-- Exercise input follows --

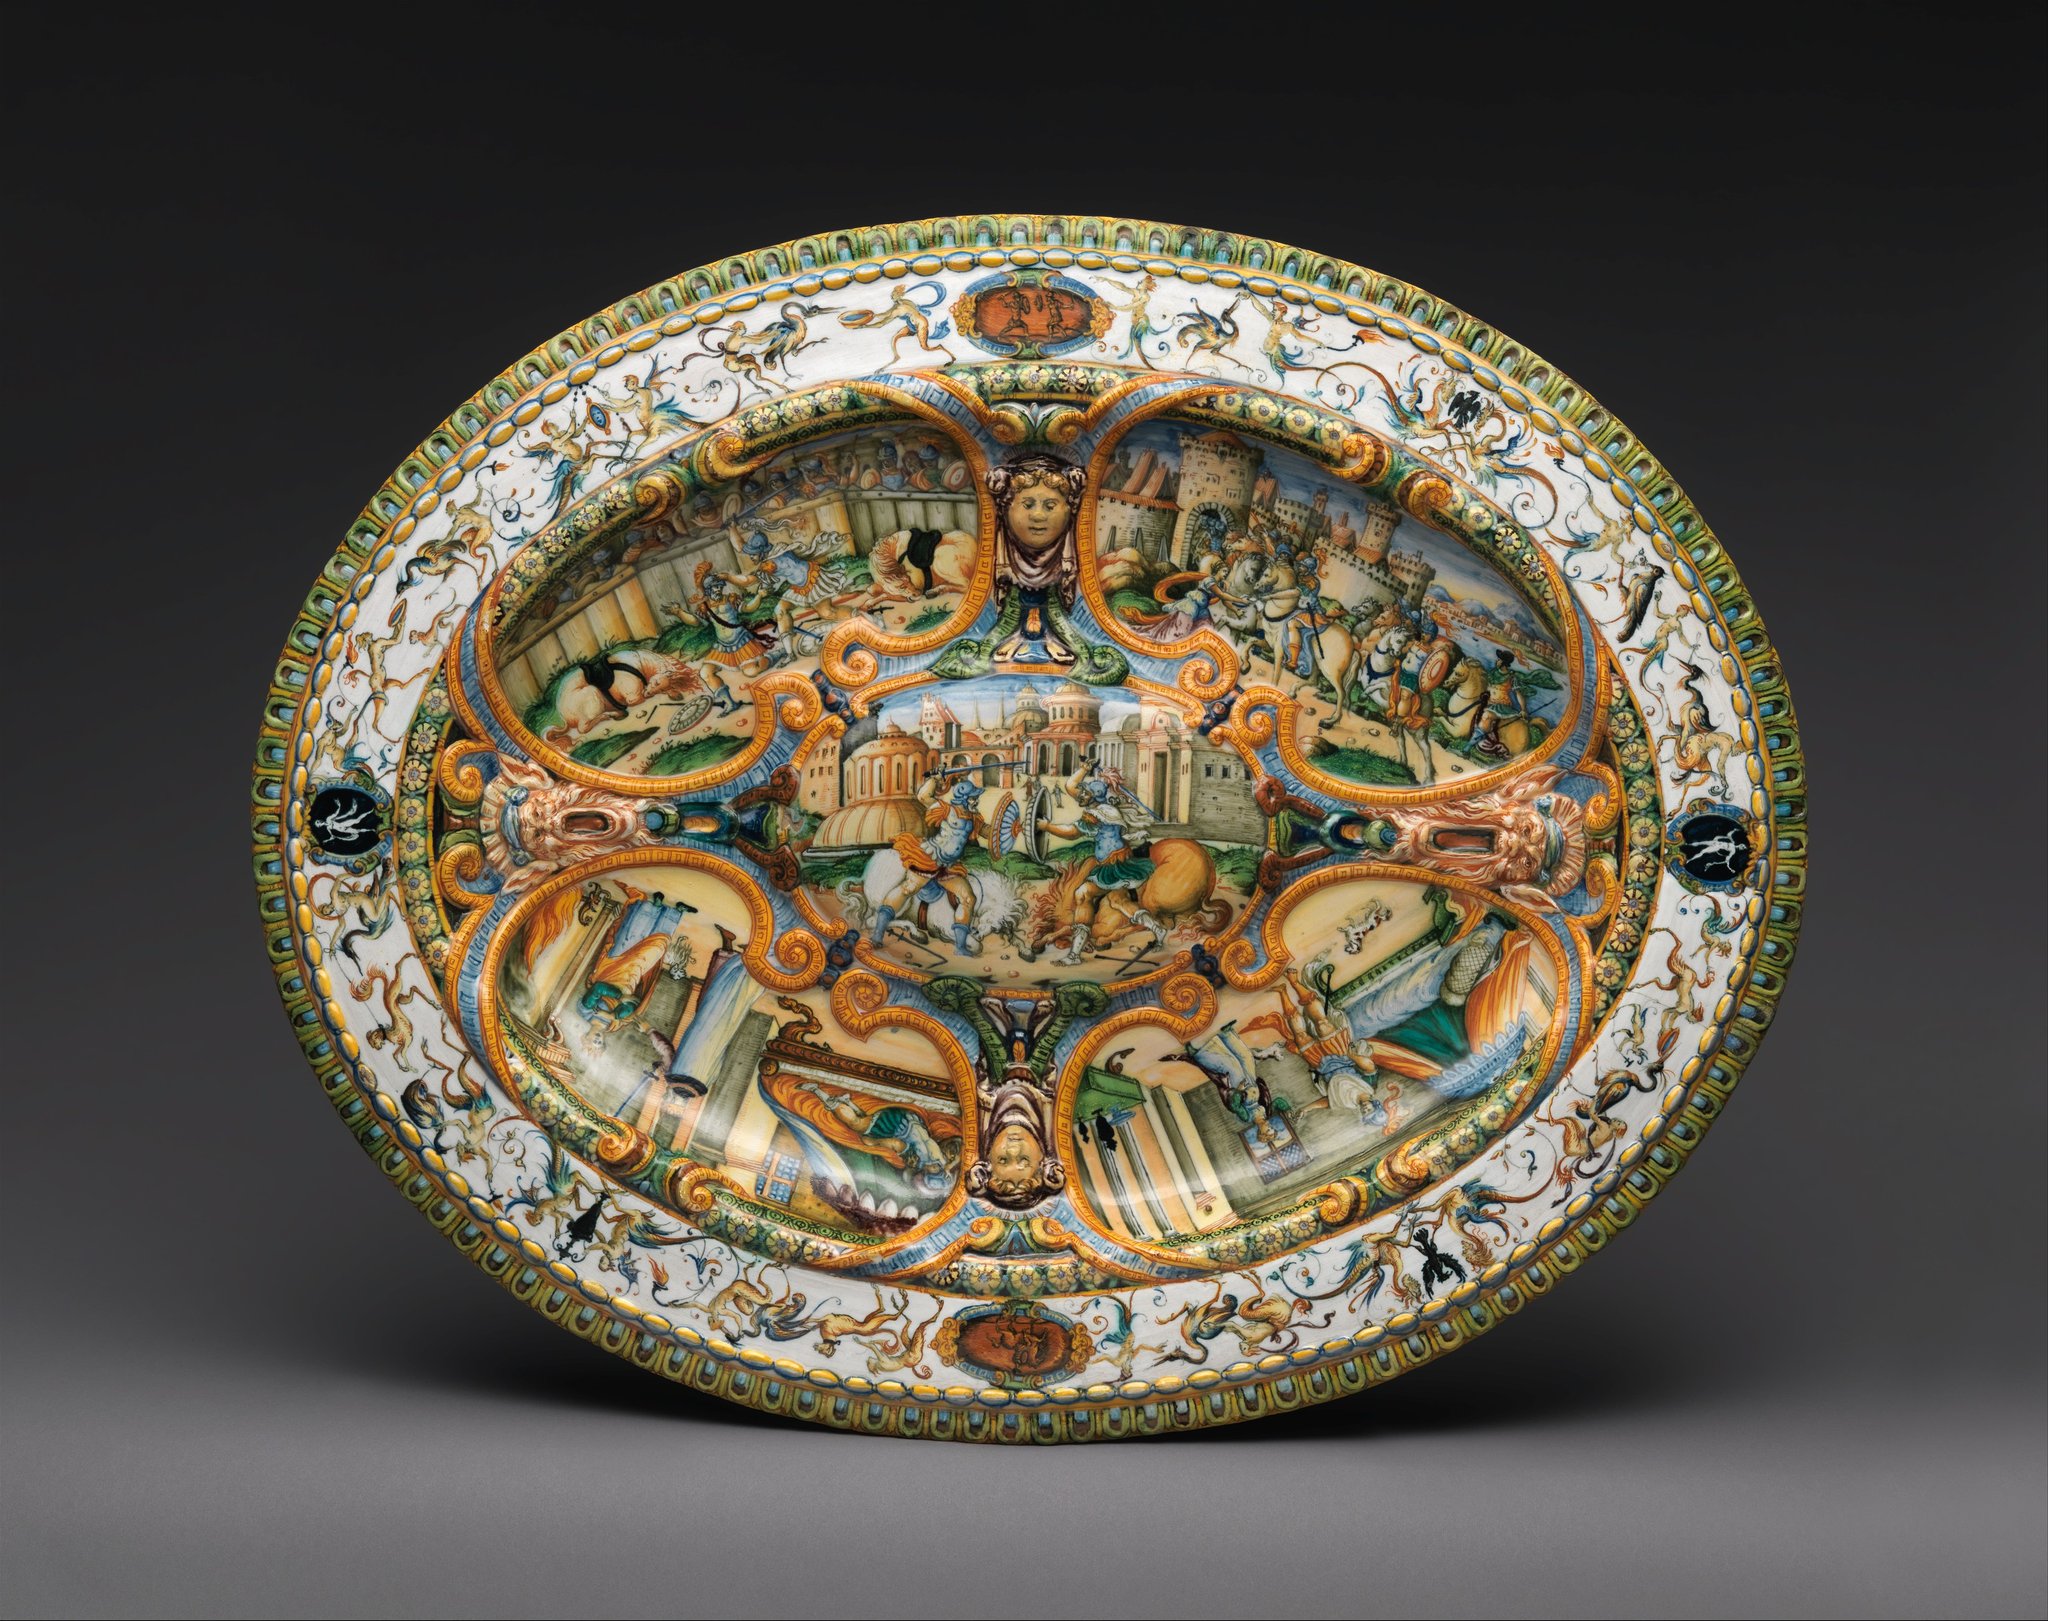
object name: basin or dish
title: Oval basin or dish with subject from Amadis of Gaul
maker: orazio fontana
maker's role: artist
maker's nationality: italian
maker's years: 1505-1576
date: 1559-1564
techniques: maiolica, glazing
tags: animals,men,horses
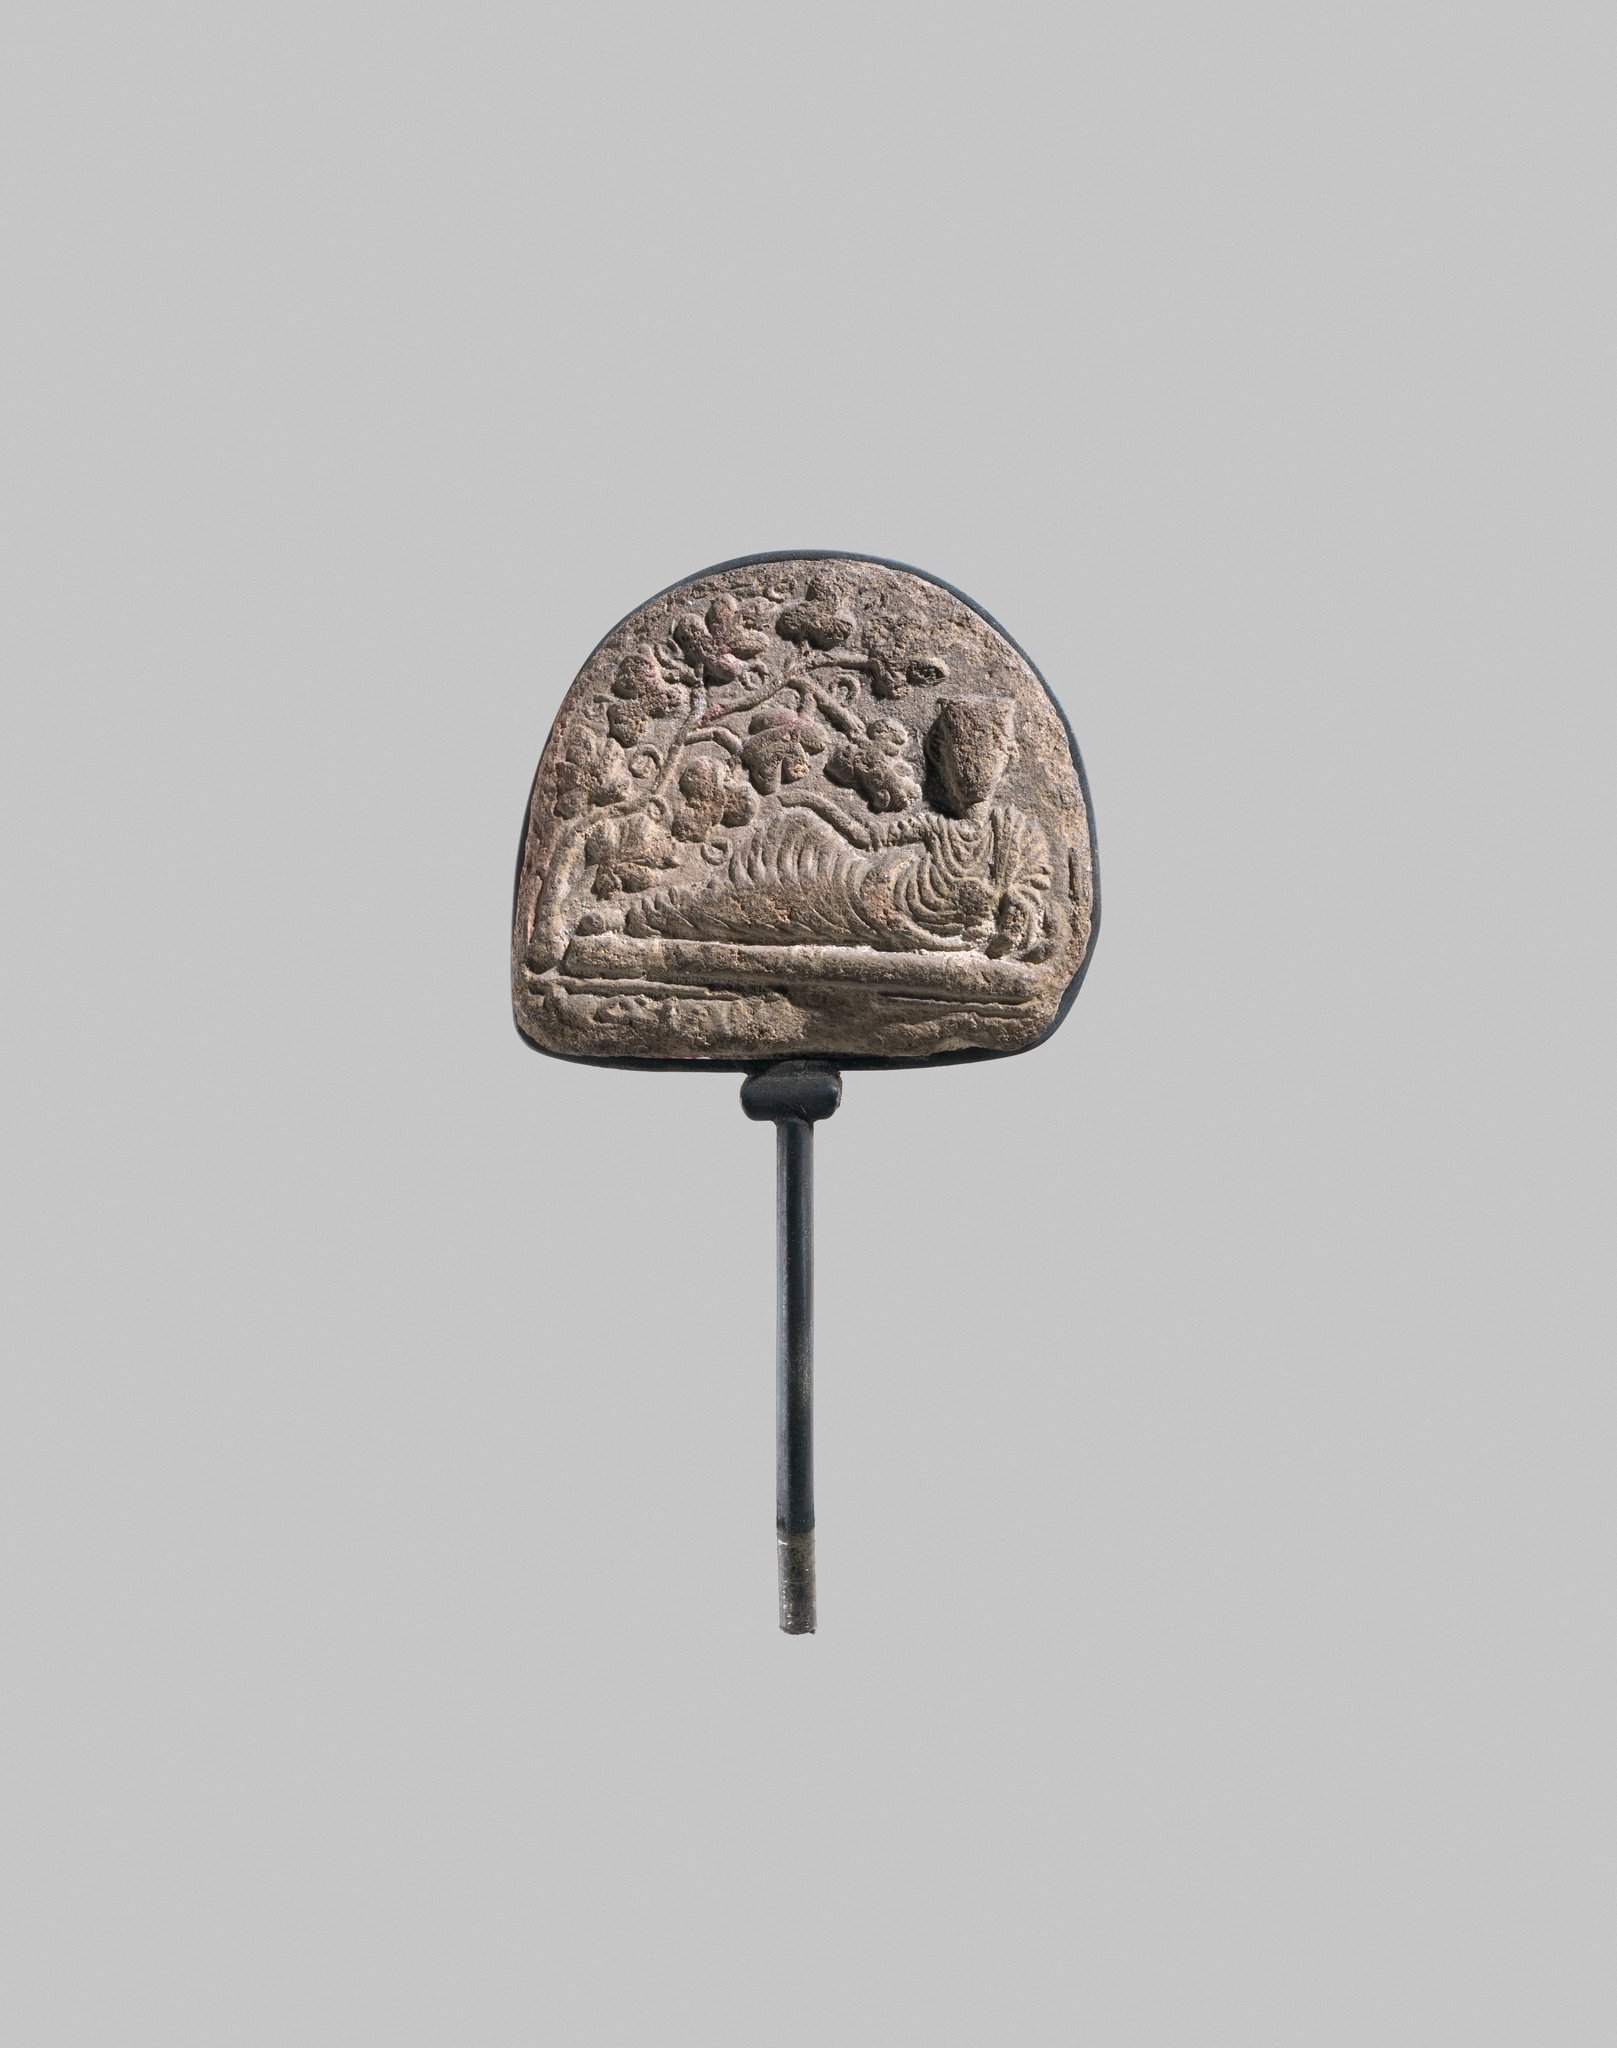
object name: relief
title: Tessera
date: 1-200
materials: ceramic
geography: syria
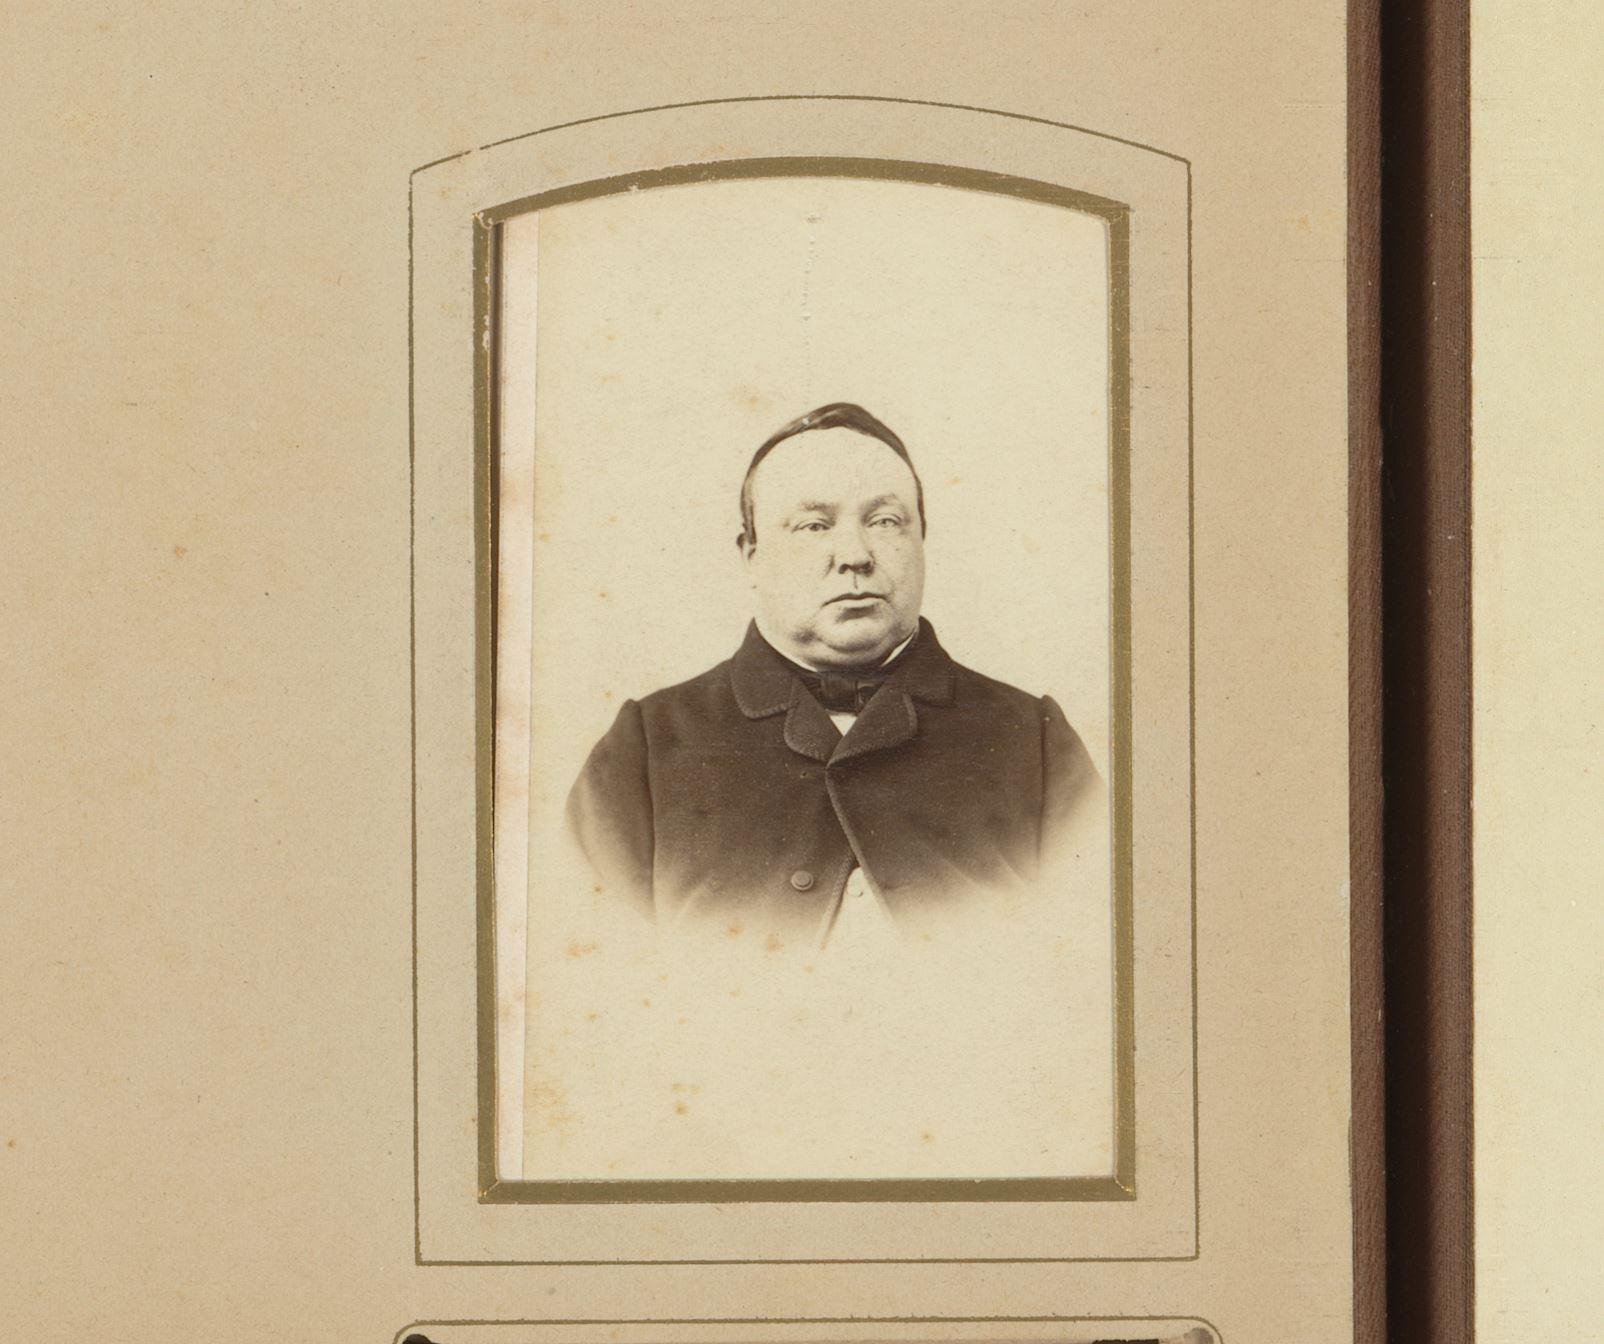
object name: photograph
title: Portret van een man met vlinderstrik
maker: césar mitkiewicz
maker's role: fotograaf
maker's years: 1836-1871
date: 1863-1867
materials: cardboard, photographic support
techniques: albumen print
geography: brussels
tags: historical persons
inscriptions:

-- Exercise input concluded --

#### Directions:
Starting at the line that contains "maker: césar mitkiewicz", transcribe every line through the last line of the entries above, exactly, and nothing else.

#### Reply:
maker: césar mitkiewicz
maker's role: fotograaf
maker's years: 1836-1871
date: 1863-1867
materials: cardboard, photographic support
techniques: albumen print
geography: brussels
tags: historical persons
inscriptions:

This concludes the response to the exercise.